Using Rc to Share Data

Ony share data between multiple parts of your program for reading only.

We can use Rc<T> due to Rc:clone only increments the reference count doesn’t make a deep copy of all the data like most types’ implementations of clone do. And each time we call clone, the count goes up by 1, when c goes out of scope, the count goes down by 1, the implementation of the Drop trait decreases the reference count automatically when an Rc<T> value goes out of scope.

RefCell and the Interior Mutability Pattern

Interior mutability is a design pattern in Rust that allows you to mutate data even when there are immutable references to that data.
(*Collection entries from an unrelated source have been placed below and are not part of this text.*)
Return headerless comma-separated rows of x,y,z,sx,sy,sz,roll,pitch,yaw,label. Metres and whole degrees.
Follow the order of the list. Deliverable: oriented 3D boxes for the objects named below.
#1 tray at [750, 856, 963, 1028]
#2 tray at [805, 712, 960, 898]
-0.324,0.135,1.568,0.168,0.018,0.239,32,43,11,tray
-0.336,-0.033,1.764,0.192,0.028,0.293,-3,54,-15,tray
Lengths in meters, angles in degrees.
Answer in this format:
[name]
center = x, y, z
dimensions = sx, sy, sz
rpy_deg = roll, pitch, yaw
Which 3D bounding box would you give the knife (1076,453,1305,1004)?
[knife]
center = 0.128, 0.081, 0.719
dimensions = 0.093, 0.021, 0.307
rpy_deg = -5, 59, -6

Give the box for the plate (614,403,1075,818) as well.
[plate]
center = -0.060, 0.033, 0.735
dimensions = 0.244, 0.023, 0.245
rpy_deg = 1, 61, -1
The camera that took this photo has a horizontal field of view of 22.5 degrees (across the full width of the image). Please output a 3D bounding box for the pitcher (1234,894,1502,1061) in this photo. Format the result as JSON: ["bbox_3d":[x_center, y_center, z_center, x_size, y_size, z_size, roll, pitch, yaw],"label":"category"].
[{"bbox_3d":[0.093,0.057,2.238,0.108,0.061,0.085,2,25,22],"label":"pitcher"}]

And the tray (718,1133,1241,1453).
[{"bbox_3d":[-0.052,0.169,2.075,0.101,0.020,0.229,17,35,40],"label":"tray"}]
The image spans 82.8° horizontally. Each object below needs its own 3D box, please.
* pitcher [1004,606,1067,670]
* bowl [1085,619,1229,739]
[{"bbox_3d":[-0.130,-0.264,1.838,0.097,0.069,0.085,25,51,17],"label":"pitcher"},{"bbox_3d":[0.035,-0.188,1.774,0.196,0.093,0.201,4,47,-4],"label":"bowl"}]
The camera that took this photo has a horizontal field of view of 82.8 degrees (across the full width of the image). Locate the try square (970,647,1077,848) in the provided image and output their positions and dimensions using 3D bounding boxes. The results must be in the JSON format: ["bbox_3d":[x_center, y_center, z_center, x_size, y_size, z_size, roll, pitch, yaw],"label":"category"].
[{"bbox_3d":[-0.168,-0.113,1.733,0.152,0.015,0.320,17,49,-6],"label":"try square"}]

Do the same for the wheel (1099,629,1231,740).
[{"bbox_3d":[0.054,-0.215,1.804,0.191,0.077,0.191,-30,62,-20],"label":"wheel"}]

To mutable data, the pattern uses unsafe code inside the a data structure to bend Rust’s usual rules that govern mutation and borrowing.

Enforcing Borrowing Rules at Runtime with RefCell<T>

RefCell<T> type represents single ownership over the data it holds.

The borrow rules:

  • At any given time, you can have wither(but not both of) one mutable reference or any number of immutable references.
  • Reference must always be valid.

Due to some analysis is impossible like: Halting Problem

  • The RefCell<T> type is useful when you’re sure your code follows the borrowing rules but the compiler is unable to understand and guarantee that

And Rc<T>, RefCell<T> is only for use in single-threaded scenarios and will give you a compile-time error if you try using it in a multithreaded context, (cp-16 will talk about)

Recap of the reasons to choose Box<T>, Rc<T>, or RefCell<T>

  • Rc<T> enables multiple owners of the same data; Box<T> and ReCell<T> have single owners
  • Box<T> allows immutable or mutable borrows checked at compile time;Rc<T> allows only immutable borrows checked at compile time
  • RefCell<T> allows immutable or mutable borrows checked at runtime, because Refcell<T> allows mutable borrows checked at runtime, you can mutate the value inside the RefCell<T> even when the RefCell<T> is immutable
  • Mutating the value inside an immutable value is the interior mutability pattern

Keeping Tack of Borrows at runtime with RefCell<T>

The borrow and borrow_mut methods are part of the safe API that belongs to RefCell<T>. The borrow method returns the smart pointer type Ref<T>, and the borrow_mut returns the sp type RefMut<T>. Both types implement Deref.

Reference cycles can leak memory

Rust allows memory leaks by using Rc<T> and RefCell<T>, it’s possible to create references where items refer to each other in a cycle,this creates memory leaks because the reference count of each item in the cycle will never reach 0, and the values will never be dropped.

Preventing reference cycles

We’ve demonstrated that calling Rc::clone increases the strong_count of an Rc<T> instance, and an Rc<T> instance is only cleaned up if its strong_count is 0. And we can also create weak reference to the value within an Rc<T> instance by calling Rc::downgrade and passing a reference to the Rc<T>. The difference is the weak_count doesn’t need to be 0 for the Rc<T> instance to be cleaned up.

Strong reference are how you can share ownership of an Rc<T> instance, Weak references don’t express an ownership relationship. And they don’t cause reference cycle because any cycle involving some weak references will be broken once the strong reference count of values involved is 0.

The function upgrade on Weak<T> instance help to check the value Weak<T> pointing to is exist.